I am trying to fit my data to a negative binomial model. My data is simply an array of numbers
all_hits = [0, 4000, 200, ...]
If I plot the data as a histogram and plot the negative binomial function with some parameters chosen by eye, I get the following:
import matplotlib.pyplot as plt
import scipy.stats as ss
import scipy.optimize as so
import numpy as np
plt.plot(range(0,30000), ss.nbinom.pmf(range(0,30000), n=3, p=1.0/300, loc=0), 'g-')
bins = plt.hist(all_hits, 100, normed=True, alpha=0.8)
However, when I try to use scipy.optimize.fmin
to estimate n, p, and loc, I get a negative log likelihood of infinity
# function from http://stackoverflow.com/questions/23816522/fitting-negative-binomial-in-python
def likelihood_f((n,p,loc), x, neg=-1):
n=np.round(n) #by definition, it should be an integer
loc=np.round(loc)
return neg*(np.log(ss.nbinom.pmf(x, n, p, loc))).sum()
xopt, fopt, iterations, funcalls, warn = so.fmin(likelihood_f, (3,1.0/300, 0), args=(all_hits,-1), full_output=True, disp=False)
print 'optimal solution: r=%f, p=%f, loc=%f' % tuple(xopt)
print 'log likelihood = %f' % (fopt)
print 'ran %d iterations with %d function calls' % (iterations, funcalls)

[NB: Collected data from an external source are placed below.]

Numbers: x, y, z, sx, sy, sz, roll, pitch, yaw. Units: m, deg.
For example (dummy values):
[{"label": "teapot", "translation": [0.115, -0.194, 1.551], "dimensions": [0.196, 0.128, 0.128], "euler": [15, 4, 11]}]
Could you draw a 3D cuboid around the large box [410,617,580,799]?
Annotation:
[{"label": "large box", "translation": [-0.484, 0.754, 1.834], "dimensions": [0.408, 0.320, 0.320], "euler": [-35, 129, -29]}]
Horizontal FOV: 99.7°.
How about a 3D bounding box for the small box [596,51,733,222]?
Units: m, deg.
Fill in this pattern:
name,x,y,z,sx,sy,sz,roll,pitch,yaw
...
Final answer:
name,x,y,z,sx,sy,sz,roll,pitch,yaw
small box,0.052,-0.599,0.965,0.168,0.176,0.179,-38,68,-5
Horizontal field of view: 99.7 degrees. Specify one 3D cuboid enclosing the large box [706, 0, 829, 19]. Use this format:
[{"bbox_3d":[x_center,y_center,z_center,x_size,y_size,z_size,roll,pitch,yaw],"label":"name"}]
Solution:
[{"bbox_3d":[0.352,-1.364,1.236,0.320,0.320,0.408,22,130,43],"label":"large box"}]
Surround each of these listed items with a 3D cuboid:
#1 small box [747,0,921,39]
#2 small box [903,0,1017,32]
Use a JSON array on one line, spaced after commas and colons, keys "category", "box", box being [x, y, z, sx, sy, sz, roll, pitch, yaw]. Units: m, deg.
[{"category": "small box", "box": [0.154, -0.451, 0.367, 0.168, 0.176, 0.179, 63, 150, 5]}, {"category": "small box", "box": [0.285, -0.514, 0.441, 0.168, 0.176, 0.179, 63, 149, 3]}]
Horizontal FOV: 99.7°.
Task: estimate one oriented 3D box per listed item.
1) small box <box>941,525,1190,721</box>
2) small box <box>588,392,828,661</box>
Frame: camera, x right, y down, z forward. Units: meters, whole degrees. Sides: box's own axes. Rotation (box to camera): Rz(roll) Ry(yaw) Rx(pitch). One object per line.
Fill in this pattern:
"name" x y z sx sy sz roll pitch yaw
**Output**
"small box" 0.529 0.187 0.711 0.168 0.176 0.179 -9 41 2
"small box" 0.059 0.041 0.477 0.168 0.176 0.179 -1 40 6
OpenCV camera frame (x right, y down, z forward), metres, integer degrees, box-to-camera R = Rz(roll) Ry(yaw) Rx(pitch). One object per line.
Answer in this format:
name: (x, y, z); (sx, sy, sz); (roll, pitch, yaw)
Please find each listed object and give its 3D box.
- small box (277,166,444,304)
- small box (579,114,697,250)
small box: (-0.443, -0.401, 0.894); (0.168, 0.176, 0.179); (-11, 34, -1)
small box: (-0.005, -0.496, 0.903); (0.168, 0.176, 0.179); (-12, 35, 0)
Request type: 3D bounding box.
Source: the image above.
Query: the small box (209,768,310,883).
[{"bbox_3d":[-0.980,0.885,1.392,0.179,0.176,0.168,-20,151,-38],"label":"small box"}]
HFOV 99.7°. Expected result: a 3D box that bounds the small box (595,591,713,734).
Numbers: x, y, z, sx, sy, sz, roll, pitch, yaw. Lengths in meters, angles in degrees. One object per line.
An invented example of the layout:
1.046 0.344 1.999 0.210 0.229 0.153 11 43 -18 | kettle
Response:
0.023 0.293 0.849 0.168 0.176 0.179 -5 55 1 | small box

print 'warning code %d' % (warn)
optimal solution: r=3.000000, p=0.003333, loc=0.000000
log likelihood = inf
ran 121 iterations with 604 function calls
warning code 1
Is there another method for estimating the parameters of a negative binomial distribution? Is there something wrong with my likelihood function or my initial guess that would make the estimate never get better than the guess?